## Task item
From the first line to the last, reproduce the records below exactly, omitting any picture.

## Extracted entries
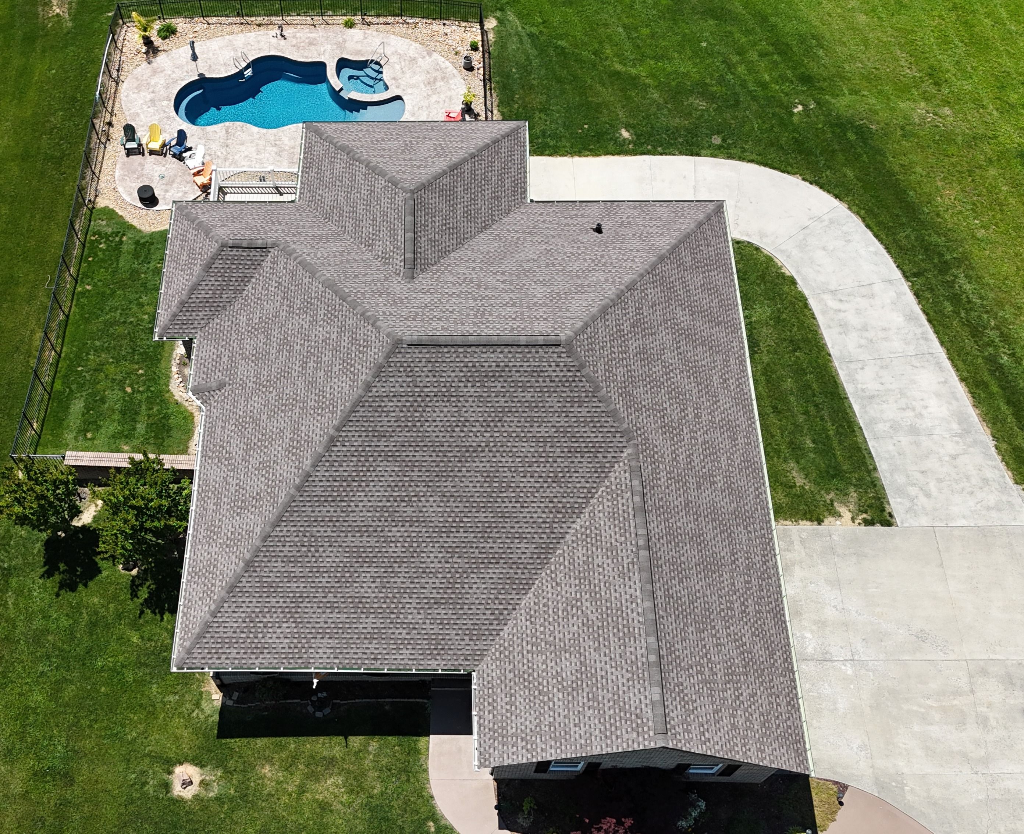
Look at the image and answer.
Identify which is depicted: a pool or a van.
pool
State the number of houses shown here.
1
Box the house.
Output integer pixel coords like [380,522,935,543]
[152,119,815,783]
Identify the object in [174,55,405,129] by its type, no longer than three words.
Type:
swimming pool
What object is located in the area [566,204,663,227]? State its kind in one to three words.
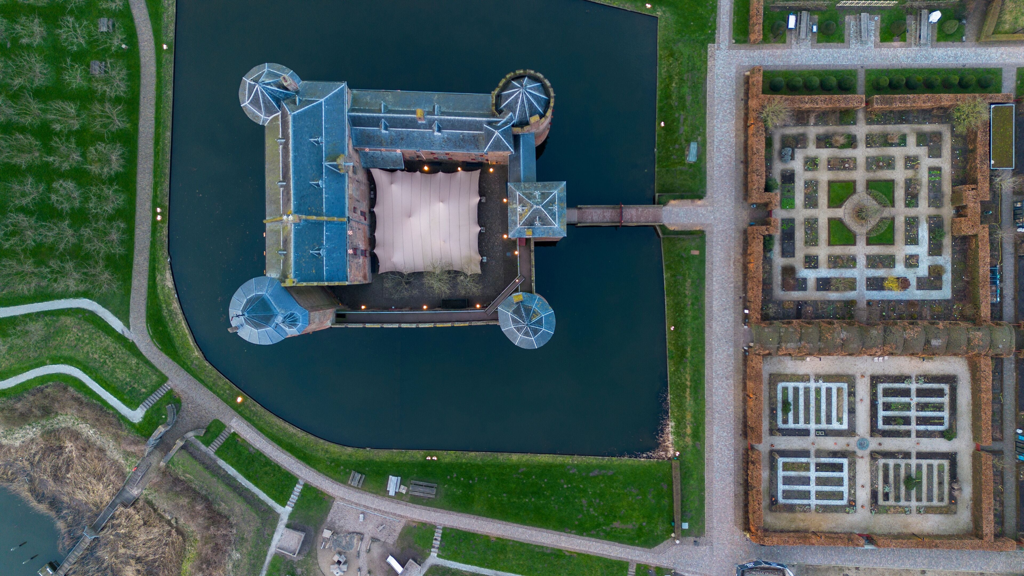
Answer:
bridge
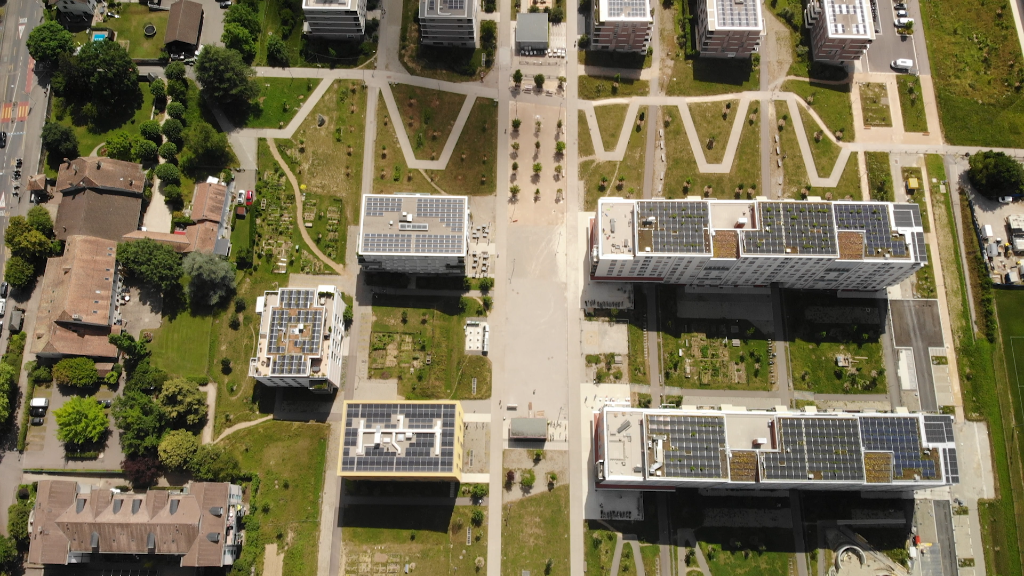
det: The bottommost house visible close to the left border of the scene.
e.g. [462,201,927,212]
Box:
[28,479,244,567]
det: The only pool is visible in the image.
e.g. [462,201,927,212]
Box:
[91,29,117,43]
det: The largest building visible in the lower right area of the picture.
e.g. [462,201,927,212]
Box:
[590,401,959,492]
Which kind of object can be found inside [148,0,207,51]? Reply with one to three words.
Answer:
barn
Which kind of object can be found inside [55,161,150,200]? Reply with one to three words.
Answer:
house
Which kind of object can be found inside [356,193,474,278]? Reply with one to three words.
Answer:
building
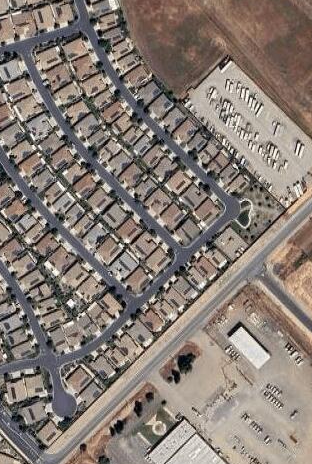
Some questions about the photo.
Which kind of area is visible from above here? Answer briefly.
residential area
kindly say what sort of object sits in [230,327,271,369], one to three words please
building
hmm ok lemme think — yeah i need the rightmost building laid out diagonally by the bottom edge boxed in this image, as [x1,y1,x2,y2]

## The answer
Look at the image and answer.
Identify which is depicted: a pool or a van.
pool
State the number of houses shown here.
1
Box the house.
Output integer pixel coords like [380,522,935,543]
[152,119,815,783]
Identify the object in [174,55,405,129] by its type, no longer than three words.
Type:
swimming pool
What object is located in the area [566,204,663,227]? State its kind in one to three words.
Answer:
bridge
det: The bottommost house visible close to the left border of the scene.
e.g. [462,201,927,212]
Box:
[28,479,244,567]
det: The only pool is visible in the image.
e.g. [462,201,927,212]
Box:
[91,29,117,43]
det: The largest building visible in the lower right area of the picture.
e.g. [462,201,927,212]
Box:
[590,401,959,492]
Which kind of object can be found inside [148,0,207,51]? Reply with one to three words.
Answer:
barn
Which kind of object can be found inside [55,161,150,200]? Reply with one to three words.
Answer:
house
Which kind of object can be found inside [356,193,474,278]? Reply with one to three words.
Answer:
building
Some questions about the photo.
Which kind of area is visible from above here? Answer briefly.
residential area
kindly say what sort of object sits in [230,327,271,369], one to three words please
building
hmm ok lemme think — yeah i need the rightmost building laid out diagonally by the bottom edge boxed in this image, as [x1,y1,x2,y2]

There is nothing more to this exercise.